• **Aim of the task**
Restate all data exactly. No images.
** Materials provided follows **
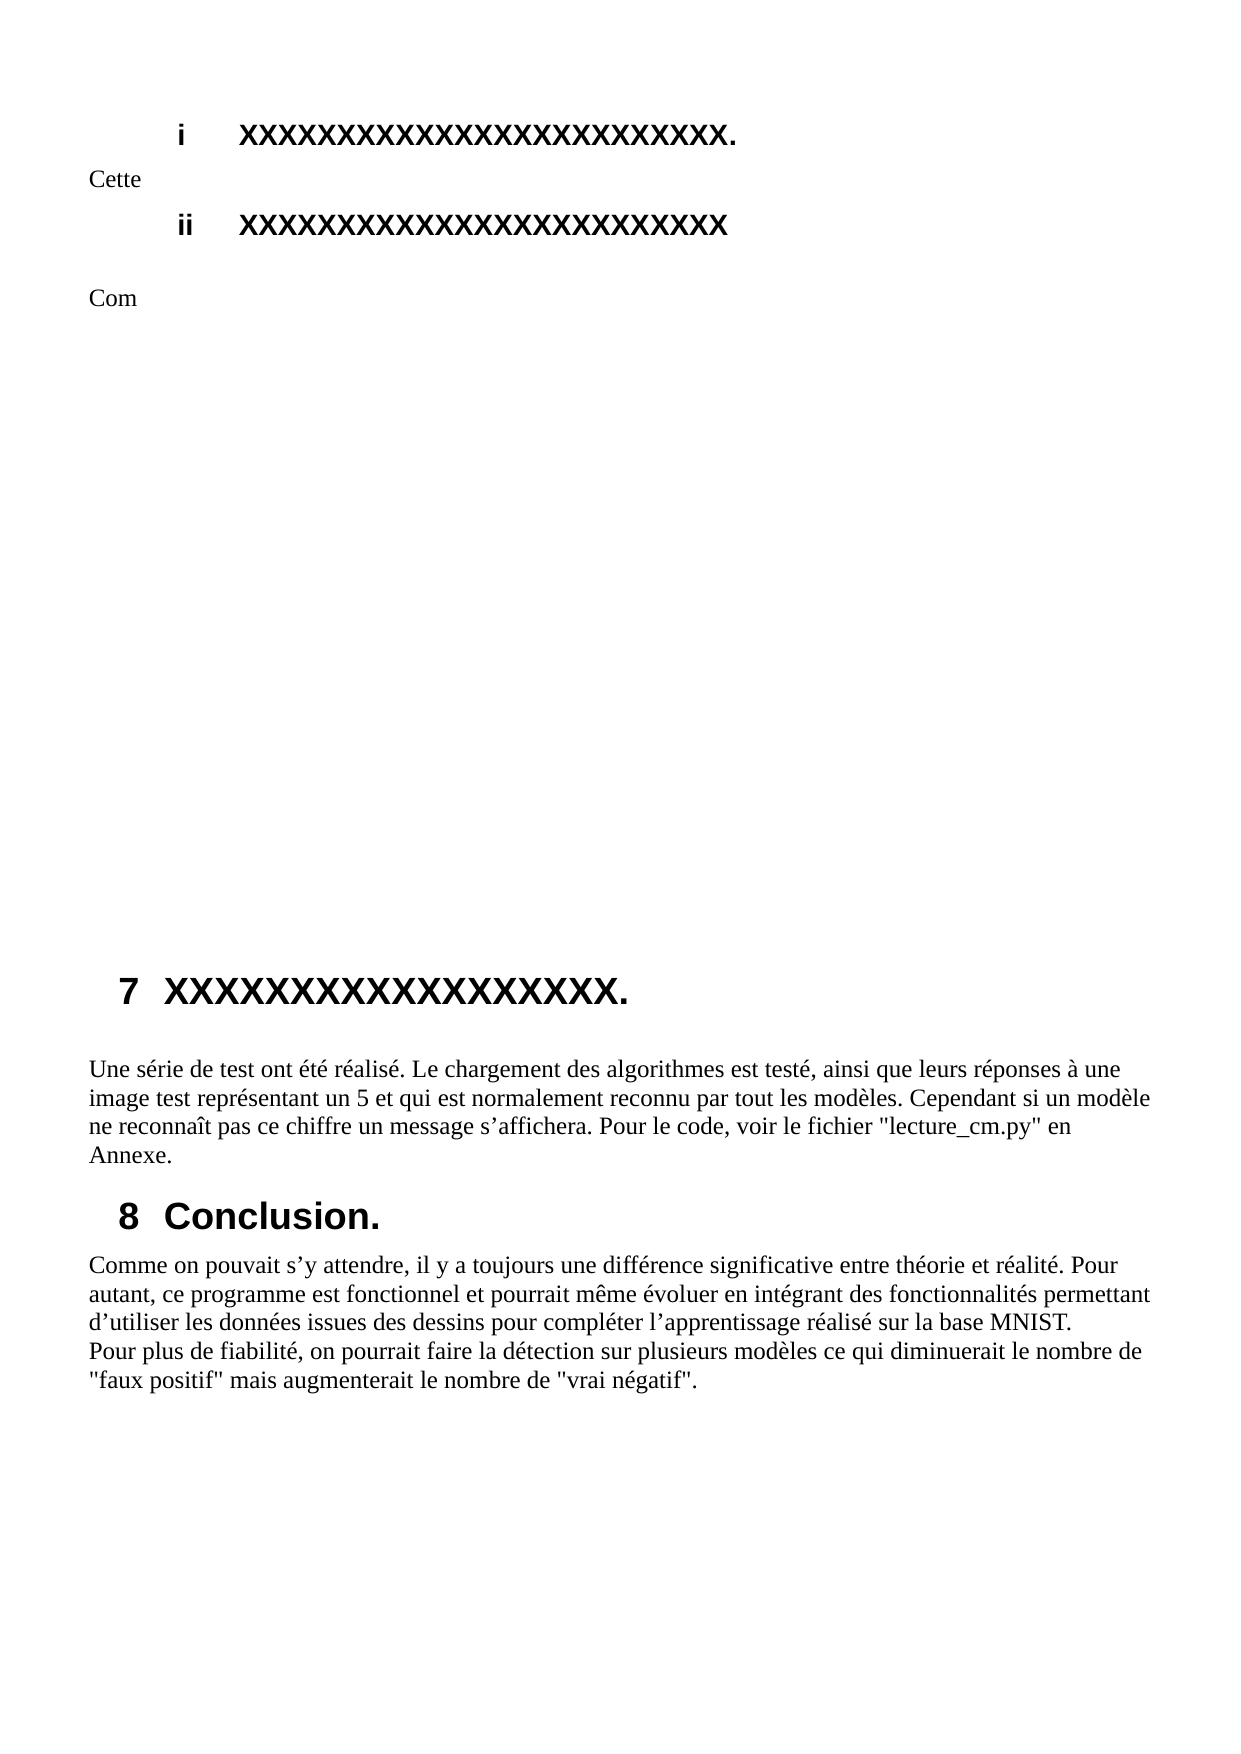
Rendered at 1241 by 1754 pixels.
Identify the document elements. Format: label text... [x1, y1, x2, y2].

subtitle XXXXXXXXXXXXXXXXXXXXXXXXX. [88, 118, 1152, 152]
subtitle Conclusion. [88, 1194, 1152, 1237]
text Comme on pouvait s’y attendre, il y a toujours une différence significative entre théorie et réalité. Pour autant, ce programme est fonctionnel et pourrait même évoluer en intégrant des fonctionnalités permettant d’utiliser les données issues des dessins pour compléter l’apprentissage réalisé sur la base MNIST. [88, 1250, 1152, 1336]
text Une série de test ont été réalisé. Le chargement des algorithmes est testé, ainsi que leurs réponses à une image test représentant un 5 et qui est normalement reconnu par tout les modèles. Cependant si un modèle ne reconnaît pas ce chiffre un message s’affichera. Pour le code, voir le fichier "lecture_cm.py" en Annexe. [88, 1054, 1152, 1169]
text Cette [88, 164, 1152, 193]
subtitle XXXXXXXXXXXXXXXXXX. [88, 969, 1152, 1013]
text Com [88, 283, 1152, 311]
text Pour plus de fiabilité, on pourrait faire la détection sur plusieurs modèles ce qui diminuerait le nombre de "faux positif" mais augmenterait le nombre de "vrai négatif". [88, 1336, 1152, 1394]
subtitle XXXXXXXXXXXXXXXXXXXXXXXXX [88, 208, 1152, 241]
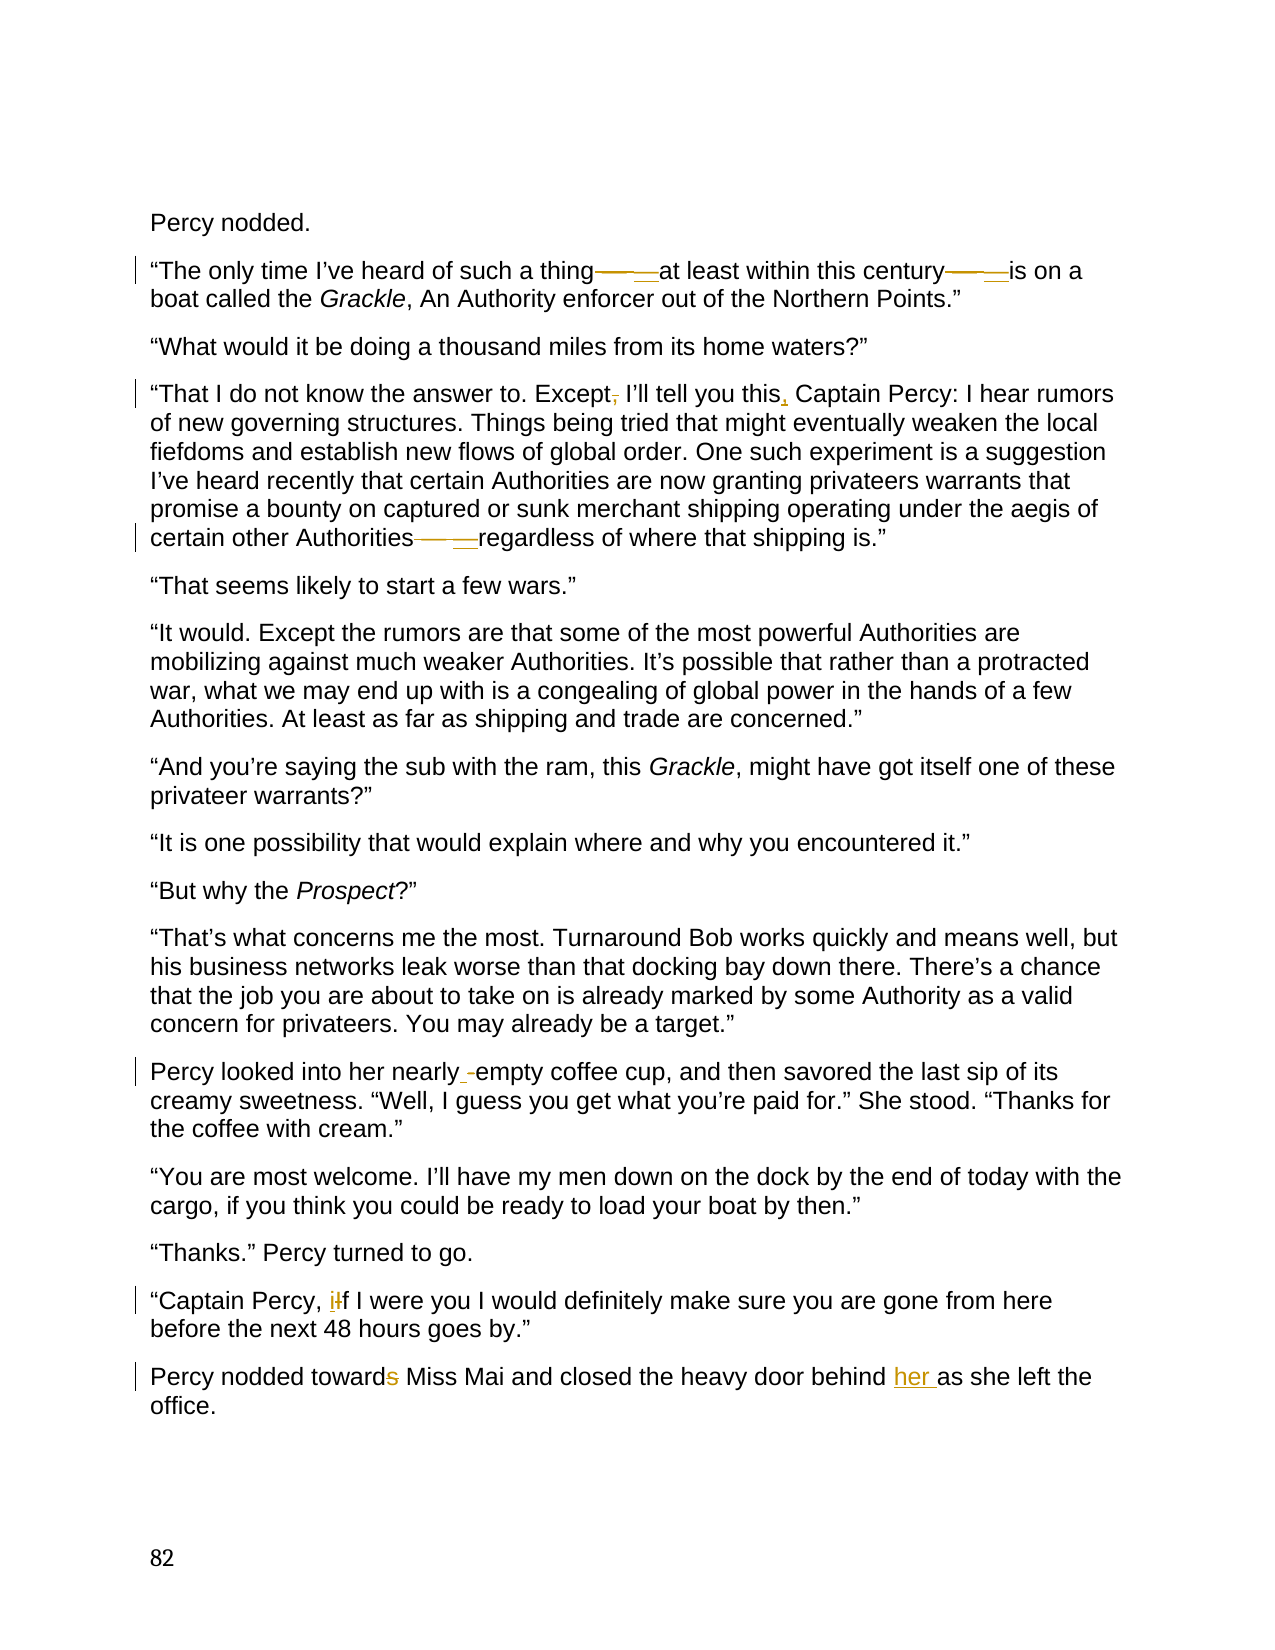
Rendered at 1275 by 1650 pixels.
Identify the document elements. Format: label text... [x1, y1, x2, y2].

text “Captain Percy, if I were you I would definitely make sure you are gone from here before the next 48 hours goes by.” [150, 1286, 1125, 1343]
text “The only time I’ve heard of such a thing—at least within this century—is on a boat called the Grackle, An Authority enforcer out of the Northern Points.” [150, 256, 1125, 313]
text “That seems likely to start a few wars.” [150, 571, 1125, 599]
text Percy nodded toward Miss Mai and closed the heavy door behind her as she left the office. [150, 1362, 1125, 1419]
text “It is one possibility that would explain where and why you encountered it.” [150, 828, 1125, 857]
text “It would. Except the rumors are that some of the most powerful Authorities are mobilizing against much weaker Authorities. It’s possible that rather than a protracted war, what we may end up with is a congealing of global power in the hands of a few Authorities. At least as far as shipping and trade are concerned.” [150, 618, 1125, 733]
text “Thanks.” Percy turned to go. [150, 1238, 1125, 1267]
text “What would it be doing a thousand miles from its home waters?” [150, 332, 1125, 361]
text “That I do not know the answer to. Except I’ll tell you this, Captain Percy: I hear rumors of new governing structures. Things being tried that might eventually weaken the local fiefdoms and establish new flows of global order. One such experiment is a suggestion I’ve heard recently that certain Authorities are now granting privateers warrants that promise a bounty on captured or sunk merchant shipping operating under the aegis of certain other Authorities—regardless of where that shipping is.” [150, 379, 1125, 552]
text “That’s what concerns me the most. Turnaround Bob works quickly and means well, but his business networks leak worse than that docking bay down there. There’s a chance that the job you are about to take on is already marked by some Authority as a valid concern for privateers. You may already be a target.” [150, 923, 1125, 1038]
text “And you’re saying the sub with the ram, this Grackle, might have got itself one of these privateer warrants?” [150, 752, 1125, 809]
text “But why the Prospect?” [150, 876, 1125, 904]
text Percy nodded. [150, 208, 1125, 237]
text “You are most welcome. I’ll have my men down on the dock by the end of today with the cargo, if you think you could be ready to load your boat by then.” [150, 1162, 1125, 1219]
text Percy looked into her nearly empty coffee cup, and then savored the last sip of its creamy sweetness. “Well, I guess you get what you’re paid for.” She stood. “Thanks for the coffee with cream.” [150, 1057, 1125, 1143]
** End of Materials provided **
• **Solved exercise**
Rendered at 1241 by 1754 pixels.
Identify the document elements. Format: label text... [x1, y1, x2, y2].

subtitle XXXXXXXXXXXXXXXXXXXXXXXXX. [88, 118, 1152, 152]
subtitle Conclusion. [88, 1194, 1152, 1237]
text Comme on pouvait s’y attendre, il y a toujours une différence significative entre théorie et réalité. Pour autant, ce programme est fonctionnel et pourrait même évoluer en intégrant des fonctionnalités permettant d’utiliser les données issues des dessins pour compléter l’apprentissage réalisé sur la base MNIST. [88, 1250, 1152, 1336]
text Une série de test ont été réalisé. Le chargement des algorithmes est testé, ainsi que leurs réponses à une image test représentant un 5 et qui est normalement reconnu par tout les modèles. Cependant si un modèle ne reconnaît pas ce chiffre un message s’affichera. Pour le code, voir le fichier "lecture_cm.py" en Annexe. [88, 1054, 1152, 1169]
text Cette [88, 164, 1152, 193]
subtitle XXXXXXXXXXXXXXXXXX. [88, 969, 1152, 1013]
text Com [88, 283, 1152, 311]
text Pour plus de fiabilité, on pourrait faire la détection sur plusieurs modèles ce qui diminuerait le nombre de "faux positif" mais augmenterait le nombre de "vrai négatif". [88, 1336, 1152, 1394]
subtitle XXXXXXXXXXXXXXXXXXXXXXXXX [88, 208, 1152, 241]
Rendered at 1275 by 1650 pixels.
Identify the document elements. Format: label text... [x1, y1, x2, y2].

text “Captain Percy, if I were you I would definitely make sure you are gone from here before the next 48 hours goes by.” [150, 1286, 1125, 1343]
text “The only time I’ve heard of such a thing—at least within this century—is on a boat called the Grackle, An Authority enforcer out of the Northern Points.” [150, 256, 1125, 313]
text “That seems likely to start a few wars.” [150, 571, 1125, 599]
text Percy nodded toward Miss Mai and closed the heavy door behind her as she left the office. [150, 1362, 1125, 1419]
text “It is one possibility that would explain where and why you encountered it.” [150, 828, 1125, 857]
text “It would. Except the rumors are that some of the most powerful Authorities are mobilizing against much weaker Authorities. It’s possible that rather than a protracted war, what we may end up with is a congealing of global power in the hands of a few Authorities. At least as far as shipping and trade are concerned.” [150, 618, 1125, 733]
text “Thanks.” Percy turned to go. [150, 1238, 1125, 1267]
text “What would it be doing a thousand miles from its home waters?” [150, 332, 1125, 361]
text “That I do not know the answer to. Except I’ll tell you this, Captain Percy: I hear rumors of new governing structures. Things being tried that might eventually weaken the local fiefdoms and establish new flows of global order. One such experiment is a suggestion I’ve heard recently that certain Authorities are now granting privateers warrants that promise a bounty on captured or sunk merchant shipping operating under the aegis of certain other Authorities—regardless of where that shipping is.” [150, 379, 1125, 552]
text “That’s what concerns me the most. Turnaround Bob works quickly and means well, but his business networks leak worse than that docking bay down there. There’s a chance that the job you are about to take on is already marked by some Authority as a valid concern for privateers. You may already be a target.” [150, 923, 1125, 1038]
text “And you’re saying the sub with the ram, this Grackle, might have got itself one of these privateer warrants?” [150, 752, 1125, 809]
text “But why the Prospect?” [150, 876, 1125, 904]
text Percy nodded. [150, 208, 1125, 237]
text “You are most welcome. I’ll have my men down on the dock by the end of today with the cargo, if you think you could be ready to load your boat by then.” [150, 1162, 1125, 1219]
text Percy looked into her nearly empty coffee cup, and then savored the last sip of its creamy sweetness. “Well, I guess you get what you’re paid for.” She stood. “Thanks for the coffee with cream.” [150, 1057, 1125, 1143]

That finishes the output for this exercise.